The results are shown in FIG. ChiA was stable at a low temperature of 20-30 ° C, and its relative activity decreased in the range of 40-80 ° C. On the other hand, ChiB was stable with a relative activity of 90% or more after heat treatment up to 20-50 ° C, but rapidly deactivated at 60 ° C or more. From these results, ChiA is a relatively heat-stable enzyme that is stable at low temperatures but does not rapidly inactivate at high temperatures, and ChiB is a low-heat-stable enzyme that inactivates rapidly above 60 ° C. It became clear that there was.

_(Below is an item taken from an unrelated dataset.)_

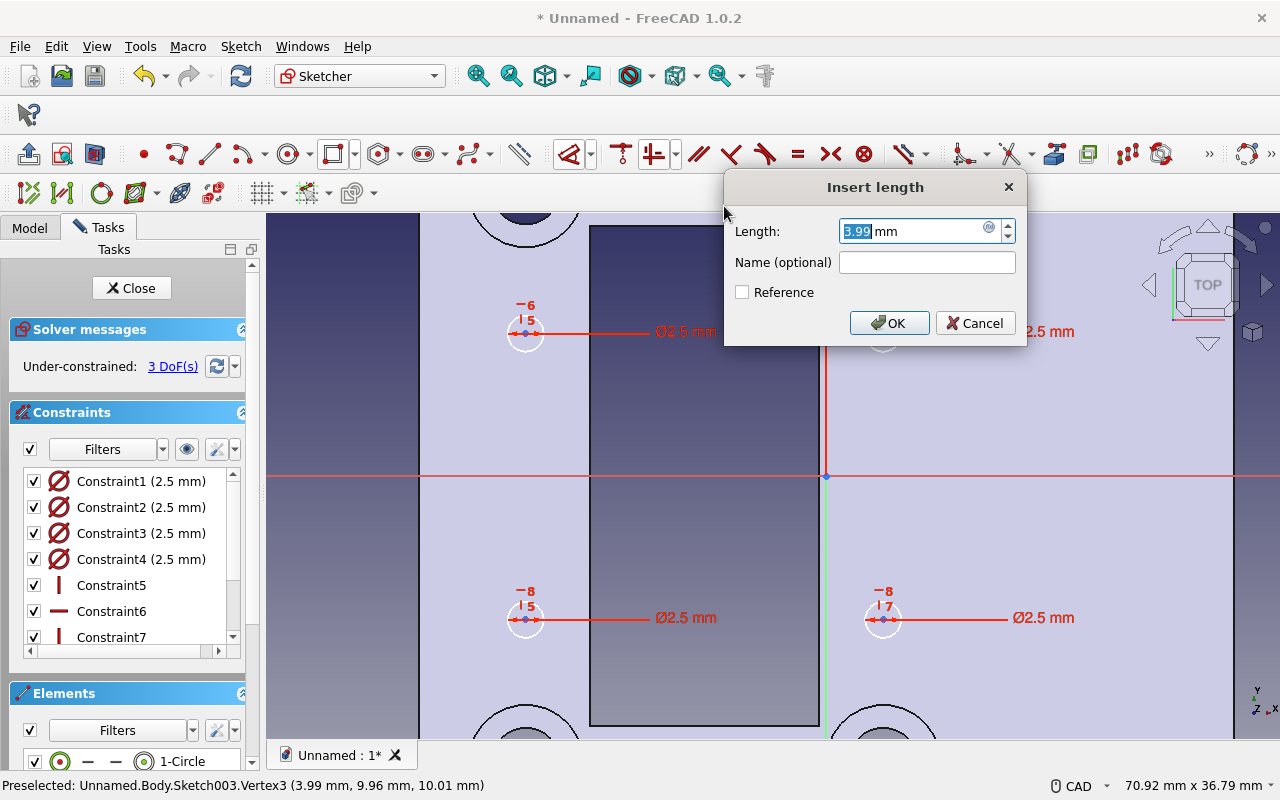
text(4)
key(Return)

  The bacterium of the present invention or a mutant strain thereof makes it possible to produce oligosaccharides such as chitin oligosaccharides from, for example, polysaccharides or polysaccharide-containing materials (eg, snow crab shells such as Echizen crabs). The bacterium of the present invention or a mutant strain thereof can also be used as a microbial pesticide, an antibacterial agent, and a polysaccharide degradation agent. The chitinase of the present invention makes it possible to produce chitin oligosaccharides from, for example, polysaccharides or polysaccharide-containing materials.

It is a figure which shows the SDS-PAGE and activity staining of the chitinase fraction refine | purified from the culture supernatant of Fukuinensis. It is a figure which shows the domain of chitinase A (ChiA) and chitinase B (ChiB). It is a figure which shows the relationship between the activity and temperature of chitinase A (ChiA) and chitinase B (ChiB). It is a figure which shows the relationship between the activity of chitinase A (ChiA) and chitinase B (ChiB), and pH. It is a figure which shows the relationship between the activity of chitinase A (ChiA) and chitinase B (ChiB), and thermal stability.

Claims (13)

Paenibacillus genus bacteria represented by accession number FERM P-20620 or mutants thereof. A method for producing an oligosaccharide, comprising bringing a Paenibacillus genus bacterium represented by accession number FERM P-20620 or a mutant thereof into contact with a polysaccharide or a polysaccharide-containing product. The method according to claim 2, wherein the polysaccharide or the polysaccharide-containing material is one or more polysaccharides selected from the group consisting of chitin, chitosan, and cellulose, or a content thereof. The method according to claim 2 or 3, wherein the polysaccharide-containing material is crab shell. The method of claim 4, wherein the crab shell is a snow crab shell. A composition comprising a Paenibacillus genus bacterium represented by accession number FERM P-20620 or a mutant strain thereof. The composition according to claim 6, which is an antibacterial agent or a polysaccharide decomposing agent against pesticides, plant pathogens. The following (a) or (b) polypeptide or a partial peptide thereof:
(A) an amino acid sequence represented by SEQ ID NO: 2 or an amino acid sequence having 70% or more sequence identity with the amino acid sequence represented by SEQ ID NO: 2 from which the secretory signal sequence has been removed, and chitin A polypeptide having degrading activity;
(B) an amino acid sequence represented by SEQ ID NO: 4, or an amino acid sequence having 70% or more sequence identity with the amino acid sequence represented by SEQ ID NO: 4 from which the secretory signal sequence has been removed, and chitin A polypeptide having degradation activity. A polynucleotide encoding the polypeptide according to claim 8 or a partial peptide thereof. An expression vector comprising the polynucleotide according to claim 9. A transformant comprising the expression vector according to claim 10. An antibody against the polypeptide according to claim 8 or a partial peptide thereof. A hybridoma producing the antibody according to claim 12.